● Task prompt: Every record needs to be repeated exactly; its pictures do not.

[Start of section]

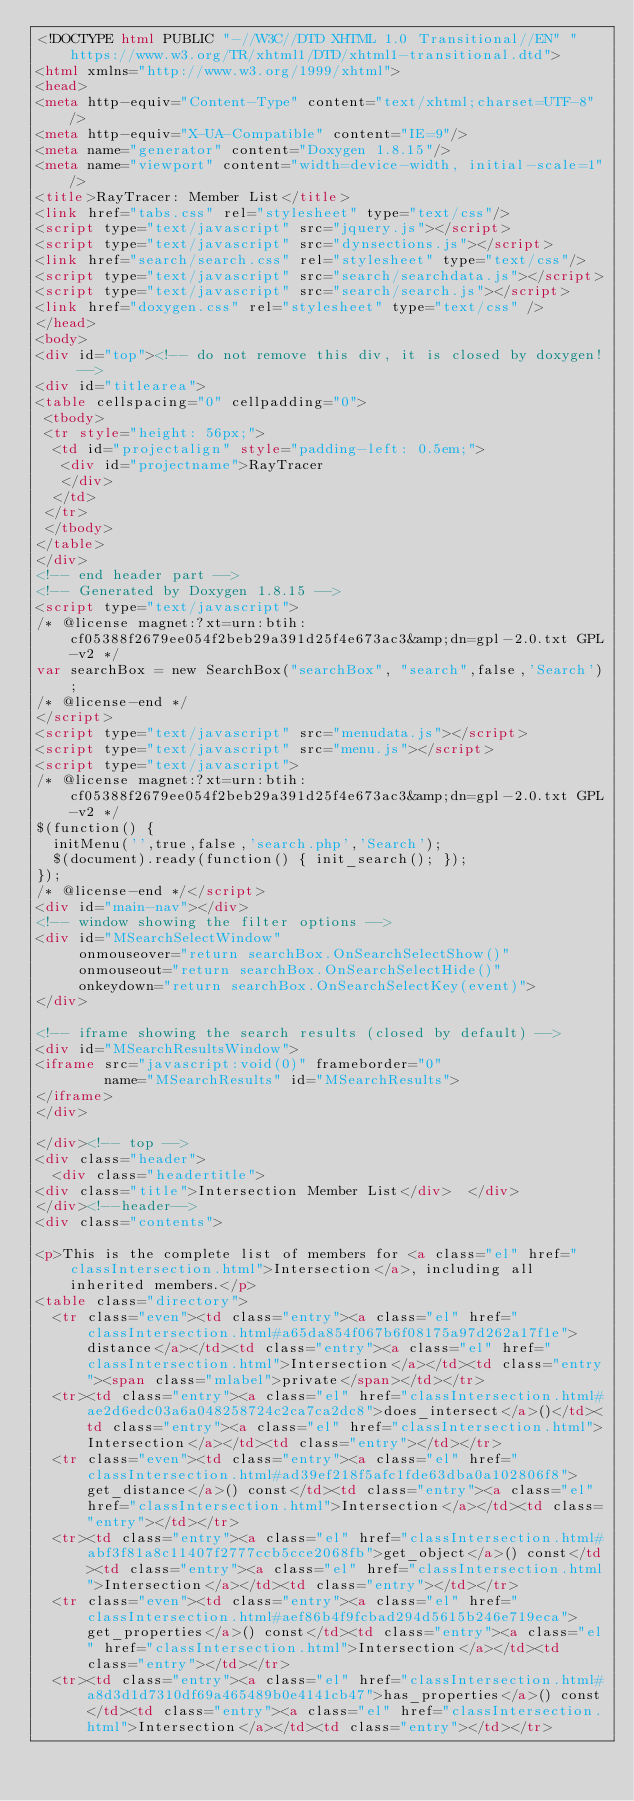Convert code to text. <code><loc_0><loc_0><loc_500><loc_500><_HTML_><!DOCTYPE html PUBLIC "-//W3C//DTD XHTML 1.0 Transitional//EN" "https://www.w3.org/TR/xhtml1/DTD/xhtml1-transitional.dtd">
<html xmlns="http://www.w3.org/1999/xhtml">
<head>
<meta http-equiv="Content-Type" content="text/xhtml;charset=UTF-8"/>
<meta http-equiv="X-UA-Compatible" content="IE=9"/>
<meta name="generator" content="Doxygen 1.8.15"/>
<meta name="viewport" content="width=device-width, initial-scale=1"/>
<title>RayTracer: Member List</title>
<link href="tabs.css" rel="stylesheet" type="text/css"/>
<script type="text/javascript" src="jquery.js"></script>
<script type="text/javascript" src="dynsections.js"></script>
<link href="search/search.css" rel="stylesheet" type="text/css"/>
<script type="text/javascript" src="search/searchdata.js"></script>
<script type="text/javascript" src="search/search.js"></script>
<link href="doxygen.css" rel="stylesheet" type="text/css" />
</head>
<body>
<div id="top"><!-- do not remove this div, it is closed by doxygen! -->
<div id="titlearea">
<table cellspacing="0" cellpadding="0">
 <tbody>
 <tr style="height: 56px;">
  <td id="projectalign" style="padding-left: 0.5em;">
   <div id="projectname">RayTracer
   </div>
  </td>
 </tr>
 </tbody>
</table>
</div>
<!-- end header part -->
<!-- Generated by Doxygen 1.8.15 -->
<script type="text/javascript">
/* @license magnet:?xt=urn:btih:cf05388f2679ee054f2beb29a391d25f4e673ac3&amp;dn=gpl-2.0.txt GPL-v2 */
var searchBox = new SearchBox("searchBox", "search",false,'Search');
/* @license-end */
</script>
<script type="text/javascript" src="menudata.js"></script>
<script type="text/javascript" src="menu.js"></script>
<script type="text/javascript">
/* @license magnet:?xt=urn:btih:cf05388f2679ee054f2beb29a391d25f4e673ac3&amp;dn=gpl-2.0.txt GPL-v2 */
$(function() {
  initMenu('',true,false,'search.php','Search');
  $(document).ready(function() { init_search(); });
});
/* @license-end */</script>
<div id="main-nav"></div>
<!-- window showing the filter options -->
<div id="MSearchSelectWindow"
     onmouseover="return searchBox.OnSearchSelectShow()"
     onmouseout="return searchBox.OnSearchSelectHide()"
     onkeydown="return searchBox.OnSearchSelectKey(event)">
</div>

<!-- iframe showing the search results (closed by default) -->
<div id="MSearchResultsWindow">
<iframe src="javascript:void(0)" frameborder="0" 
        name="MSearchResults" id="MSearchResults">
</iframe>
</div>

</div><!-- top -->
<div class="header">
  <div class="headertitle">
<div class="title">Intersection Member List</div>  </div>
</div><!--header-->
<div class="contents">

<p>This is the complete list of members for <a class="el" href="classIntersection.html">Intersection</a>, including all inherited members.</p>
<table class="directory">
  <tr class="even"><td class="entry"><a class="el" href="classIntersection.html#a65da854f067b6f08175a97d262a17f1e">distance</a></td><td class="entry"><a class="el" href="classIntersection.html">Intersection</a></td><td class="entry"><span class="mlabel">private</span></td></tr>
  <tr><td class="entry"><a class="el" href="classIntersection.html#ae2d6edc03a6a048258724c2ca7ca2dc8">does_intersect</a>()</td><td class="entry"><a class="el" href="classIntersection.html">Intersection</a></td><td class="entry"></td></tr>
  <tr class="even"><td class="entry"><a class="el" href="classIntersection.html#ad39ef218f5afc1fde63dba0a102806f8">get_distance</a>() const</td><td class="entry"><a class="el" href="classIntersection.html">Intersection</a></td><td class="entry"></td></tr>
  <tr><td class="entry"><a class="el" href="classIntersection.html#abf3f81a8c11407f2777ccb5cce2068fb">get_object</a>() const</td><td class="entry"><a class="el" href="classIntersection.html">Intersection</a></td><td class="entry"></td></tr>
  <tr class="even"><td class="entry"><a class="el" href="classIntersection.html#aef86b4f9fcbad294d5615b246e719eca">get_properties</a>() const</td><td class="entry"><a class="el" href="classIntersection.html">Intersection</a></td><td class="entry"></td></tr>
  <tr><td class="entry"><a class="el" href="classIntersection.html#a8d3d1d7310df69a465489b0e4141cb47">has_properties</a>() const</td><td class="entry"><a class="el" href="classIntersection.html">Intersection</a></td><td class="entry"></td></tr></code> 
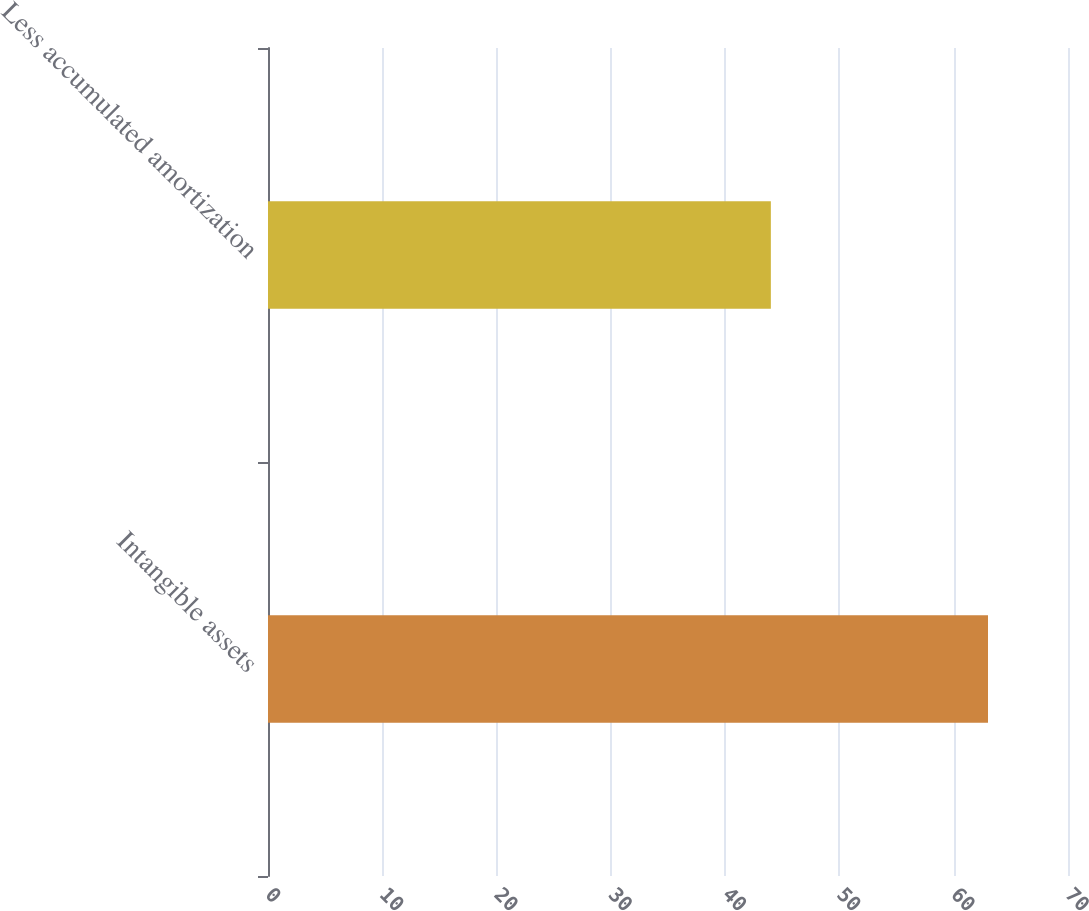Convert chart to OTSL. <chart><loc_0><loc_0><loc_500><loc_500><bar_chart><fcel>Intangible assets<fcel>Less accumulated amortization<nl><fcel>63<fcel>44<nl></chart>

[End of section]

● Solution for this problem:
Convert code to text. <code><loc_0><loc_0><loc_500><loc_500><_HTML_><!DOCTYPE html PUBLIC "-//W3C//DTD XHTML 1.0 Transitional//EN" "https://www.w3.org/TR/xhtml1/DTD/xhtml1-transitional.dtd">
<html xmlns="http://www.w3.org/1999/xhtml">
<head>
<meta http-equiv="Content-Type" content="text/xhtml;charset=UTF-8"/>
<meta http-equiv="X-UA-Compatible" content="IE=9"/>
<meta name="generator" content="Doxygen 1.8.15"/>
<meta name="viewport" content="width=device-width, initial-scale=1"/>
<title>RayTracer: Member List</title>
<link href="tabs.css" rel="stylesheet" type="text/css"/>
<script type="text/javascript" src="jquery.js"></script>
<script type="text/javascript" src="dynsections.js"></script>
<link href="search/search.css" rel="stylesheet" type="text/css"/>
<script type="text/javascript" src="search/searchdata.js"></script>
<script type="text/javascript" src="search/search.js"></script>
<link href="doxygen.css" rel="stylesheet" type="text/css" />
</head>
<body>
<div id="top"><!-- do not remove this div, it is closed by doxygen! -->
<div id="titlearea">
<table cellspacing="0" cellpadding="0">
 <tbody>
 <tr style="height: 56px;">
  <td id="projectalign" style="padding-left: 0.5em;">
   <div id="projectname">RayTracer
   </div>
  </td>
 </tr>
 </tbody>
</table>
</div>
<!-- end header part -->
<!-- Generated by Doxygen 1.8.15 -->
<script type="text/javascript">
/* @license magnet:?xt=urn:btih:cf05388f2679ee054f2beb29a391d25f4e673ac3&amp;dn=gpl-2.0.txt GPL-v2 */
var searchBox = new SearchBox("searchBox", "search",false,'Search');
/* @license-end */
</script>
<script type="text/javascript" src="menudata.js"></script>
<script type="text/javascript" src="menu.js"></script>
<script type="text/javascript">
/* @license magnet:?xt=urn:btih:cf05388f2679ee054f2beb29a391d25f4e673ac3&amp;dn=gpl-2.0.txt GPL-v2 */
$(function() {
  initMenu('',true,false,'search.php','Search');
  $(document).ready(function() { init_search(); });
});
/* @license-end */</script>
<div id="main-nav"></div>
<!-- window showing the filter options -->
<div id="MSearchSelectWindow"
     onmouseover="return searchBox.OnSearchSelectShow()"
     onmouseout="return searchBox.OnSearchSelectHide()"
     onkeydown="return searchBox.OnSearchSelectKey(event)">
</div>

<!-- iframe showing the search results (closed by default) -->
<div id="MSearchResultsWindow">
<iframe src="javascript:void(0)" frameborder="0" 
        name="MSearchResults" id="MSearchResults">
</iframe>
</div>

</div><!-- top -->
<div class="header">
  <div class="headertitle">
<div class="title">Intersection Member List</div>  </div>
</div><!--header-->
<div class="contents">

<p>This is the complete list of members for <a class="el" href="classIntersection.html">Intersection</a>, including all inherited members.</p>
<table class="directory">
  <tr class="even"><td class="entry"><a class="el" href="classIntersection.html#a65da854f067b6f08175a97d262a17f1e">distance</a></td><td class="entry"><a class="el" href="classIntersection.html">Intersection</a></td><td class="entry"><span class="mlabel">private</span></td></tr>
  <tr><td class="entry"><a class="el" href="classIntersection.html#ae2d6edc03a6a048258724c2ca7ca2dc8">does_intersect</a>()</td><td class="entry"><a class="el" href="classIntersection.html">Intersection</a></td><td class="entry"></td></tr>
  <tr class="even"><td class="entry"><a class="el" href="classIntersection.html#ad39ef218f5afc1fde63dba0a102806f8">get_distance</a>() const</td><td class="entry"><a class="el" href="classIntersection.html">Intersection</a></td><td class="entry"></td></tr>
  <tr><td class="entry"><a class="el" href="classIntersection.html#abf3f81a8c11407f2777ccb5cce2068fb">get_object</a>() const</td><td class="entry"><a class="el" href="classIntersection.html">Intersection</a></td><td class="entry"></td></tr>
  <tr class="even"><td class="entry"><a class="el" href="classIntersection.html#aef86b4f9fcbad294d5615b246e719eca">get_properties</a>() const</td><td class="entry"><a class="el" href="classIntersection.html">Intersection</a></td><td class="entry"></td></tr>
  <tr><td class="entry"><a class="el" href="classIntersection.html#a8d3d1d7310df69a465489b0e4141cb47">has_properties</a>() const</td><td class="entry"><a class="el" href="classIntersection.html">Intersection</a></td><td class="entry"></td></tr></code> 
Convert chart to OTSL. <chart><loc_0><loc_0><loc_500><loc_500><bar_chart><fcel>Intangible assets<fcel>Less accumulated amortization<nl><fcel>63<fcel>44<nl></chart>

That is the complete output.